----- Data supplied -----

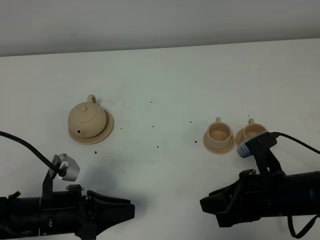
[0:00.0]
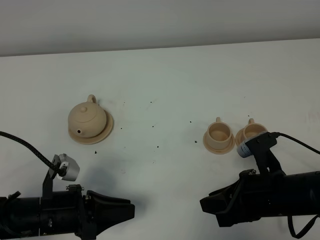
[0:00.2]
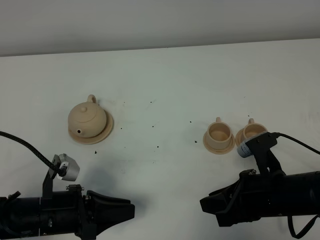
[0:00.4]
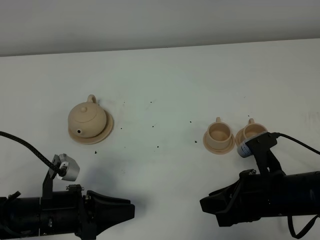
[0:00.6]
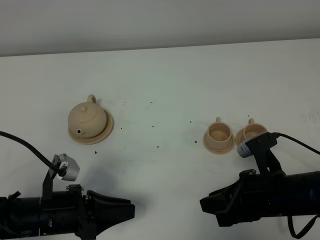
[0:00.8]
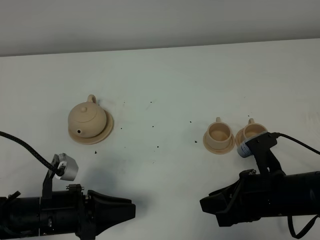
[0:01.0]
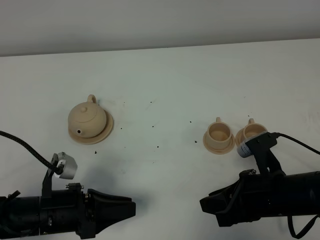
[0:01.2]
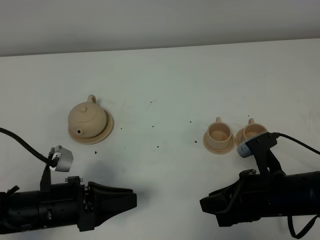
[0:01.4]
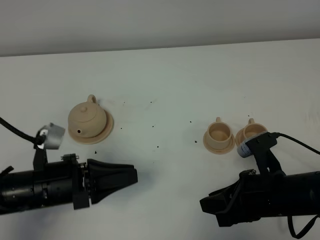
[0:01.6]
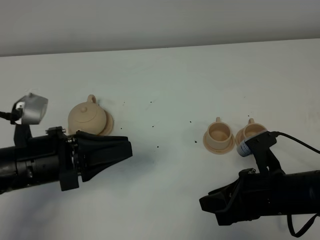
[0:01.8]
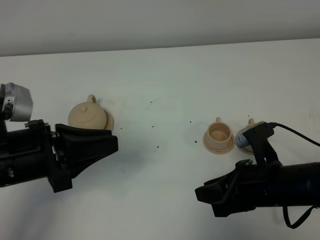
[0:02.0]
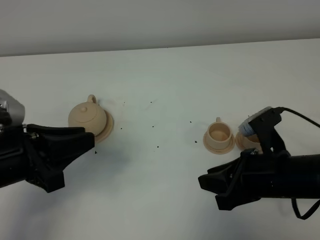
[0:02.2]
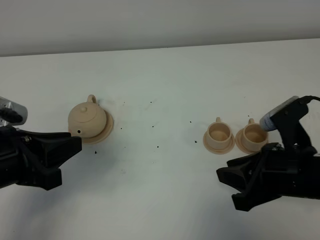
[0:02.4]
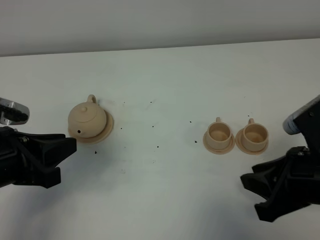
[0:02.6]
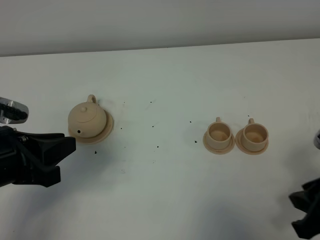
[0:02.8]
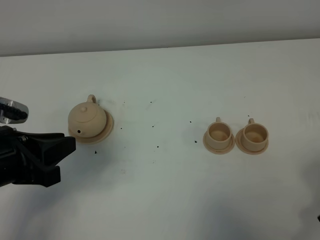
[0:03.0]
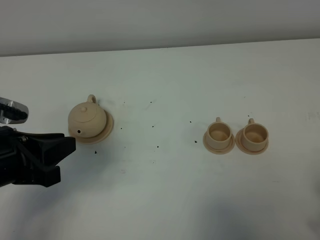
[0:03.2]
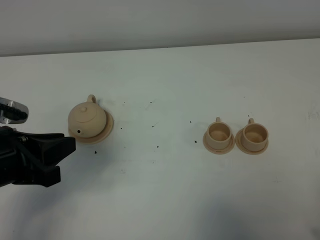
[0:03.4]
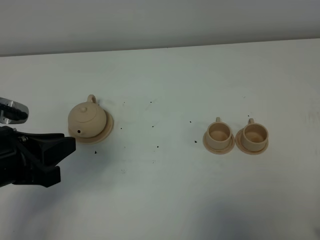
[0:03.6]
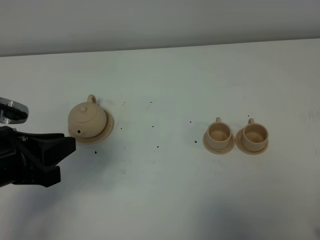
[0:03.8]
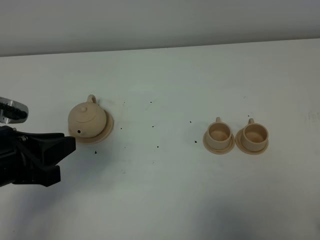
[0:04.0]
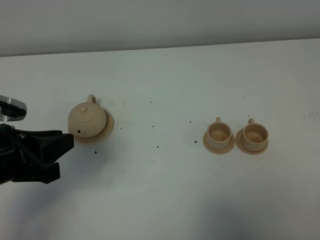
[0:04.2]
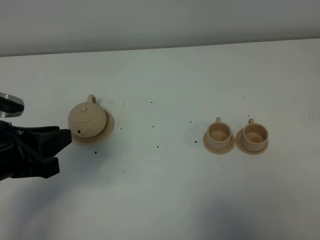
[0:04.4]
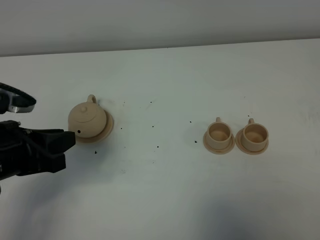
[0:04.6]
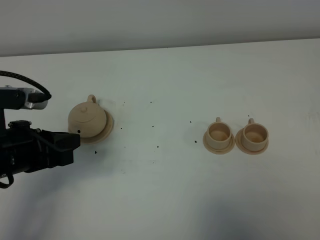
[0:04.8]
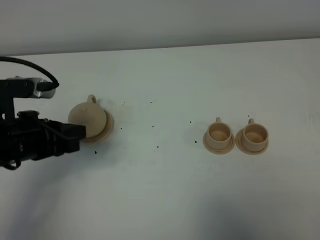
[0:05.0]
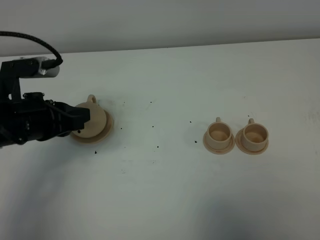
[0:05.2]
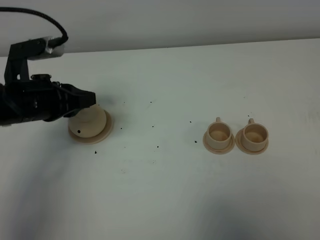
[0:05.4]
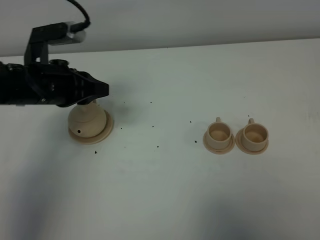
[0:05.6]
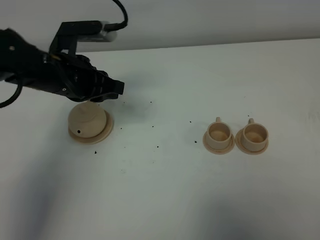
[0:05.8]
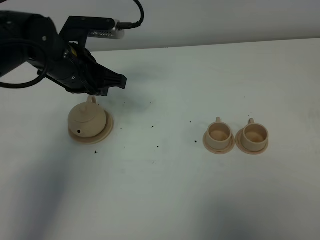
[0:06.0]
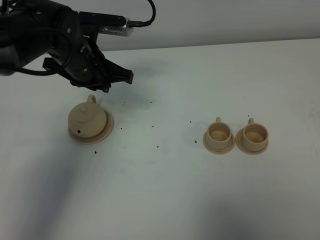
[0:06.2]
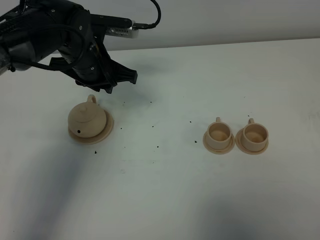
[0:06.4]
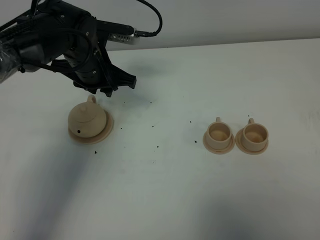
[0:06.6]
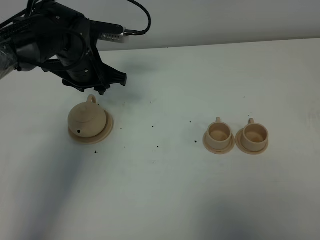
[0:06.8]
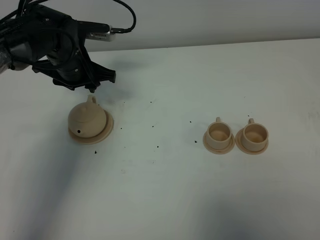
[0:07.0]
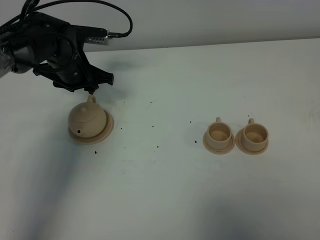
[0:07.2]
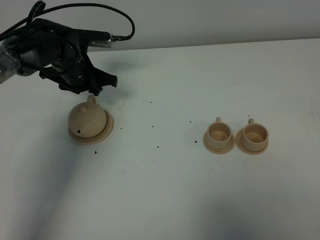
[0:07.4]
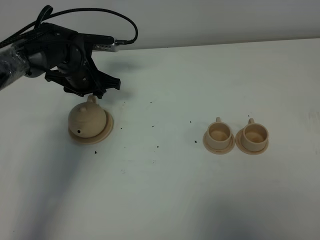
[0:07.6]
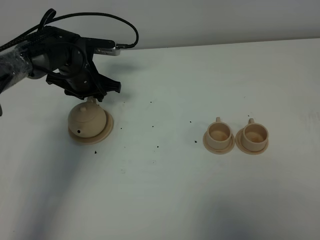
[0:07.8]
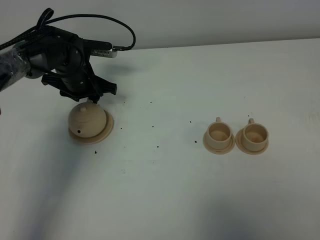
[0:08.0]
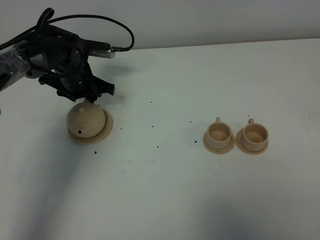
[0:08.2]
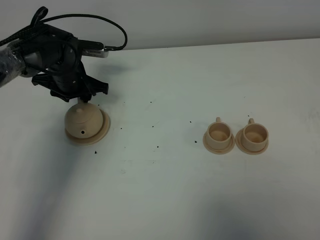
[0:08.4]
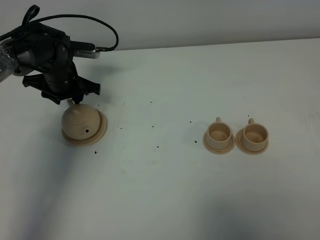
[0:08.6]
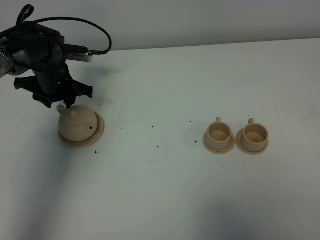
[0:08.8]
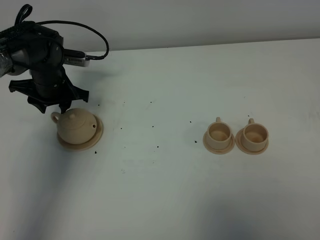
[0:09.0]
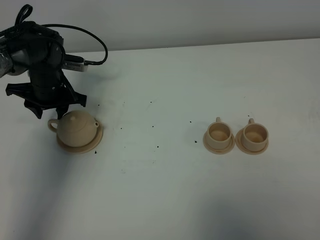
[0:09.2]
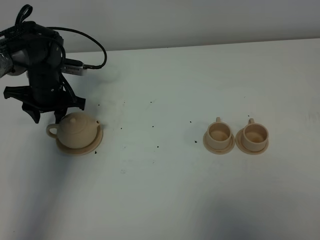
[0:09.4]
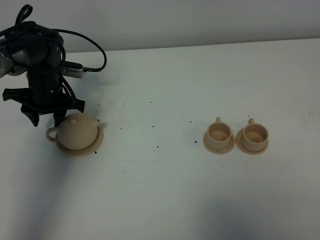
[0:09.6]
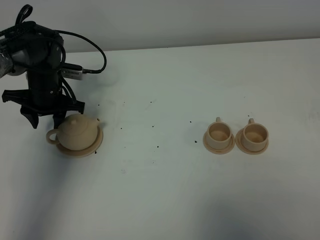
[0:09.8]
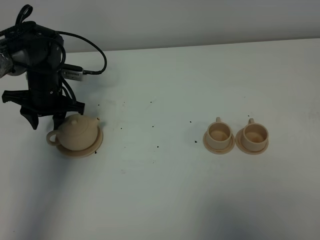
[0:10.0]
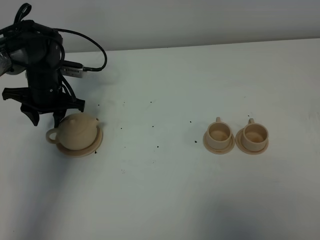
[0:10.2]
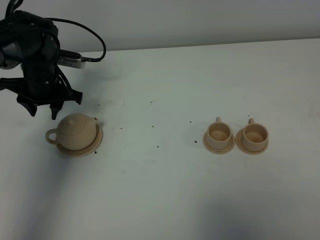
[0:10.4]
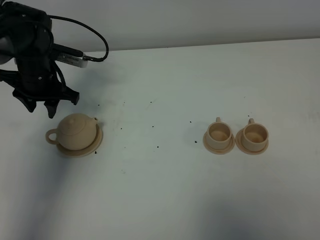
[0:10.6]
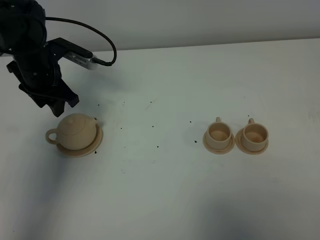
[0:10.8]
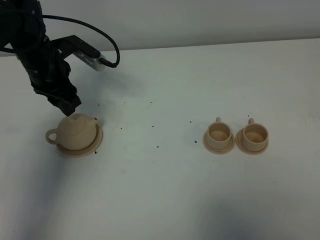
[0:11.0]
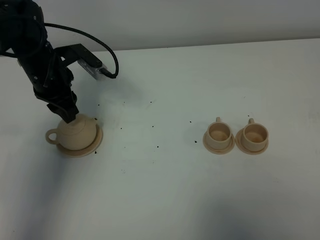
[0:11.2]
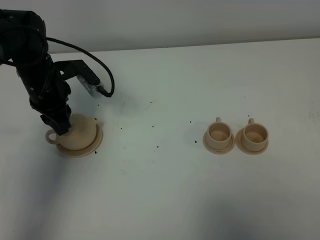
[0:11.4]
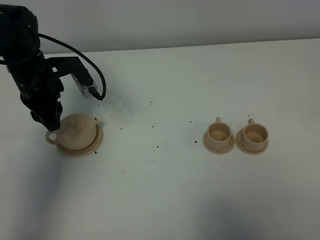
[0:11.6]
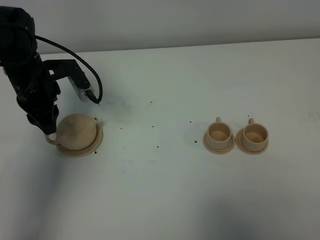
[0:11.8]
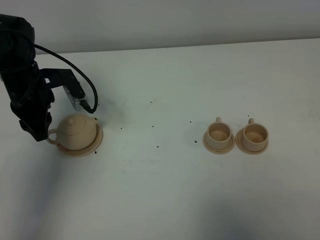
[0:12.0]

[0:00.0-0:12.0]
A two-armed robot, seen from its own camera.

-----

- _Problem requirements_
Print the material precisely as given, dropping any images it holds.

- _Result for this task_
[0:00.0]
[0:00.2]
[0:00.4]
[0:00.6]
[0:00.8]
[0:01.0]
[0:01.2]
[0:01.4]
[0:01.6]
[0:01.8]
[0:02.0]
[0:02.2]
[0:02.4]
[0:02.6]
[0:02.8]
[0:03.0]
[0:03.2]
[0:03.4]
[0:03.6]
[0:03.8]
[0:04.0]
[0:04.2]
[0:04.4]
[0:04.6]
[0:04.8]
[0:05.0]
[0:05.2]
[0:05.4]
[0:05.6]
[0:05.8]
[0:06.0]
[0:06.2]
[0:06.4]
[0:06.6]
[0:06.8]
[0:07.0]
[0:07.2]
[0:07.4]
[0:07.6]
[0:07.8]
[0:08.0]
[0:08.2]
[0:08.4]
[0:08.6]
[0:08.8]
[0:09.0]
[0:09.2]
[0:09.4]
[0:09.6]
[0:09.8]
[0:10.0]
[0:10.2]
[0:10.4]
[0:10.6]
[0:10.8]
[0:11.0]
[0:11.2]
[0:11.4]
[0:11.6]
[0:11.8]
[0:12.0]

[0:00.0-0:12.0]
A two-armed robot, seen from its own camera.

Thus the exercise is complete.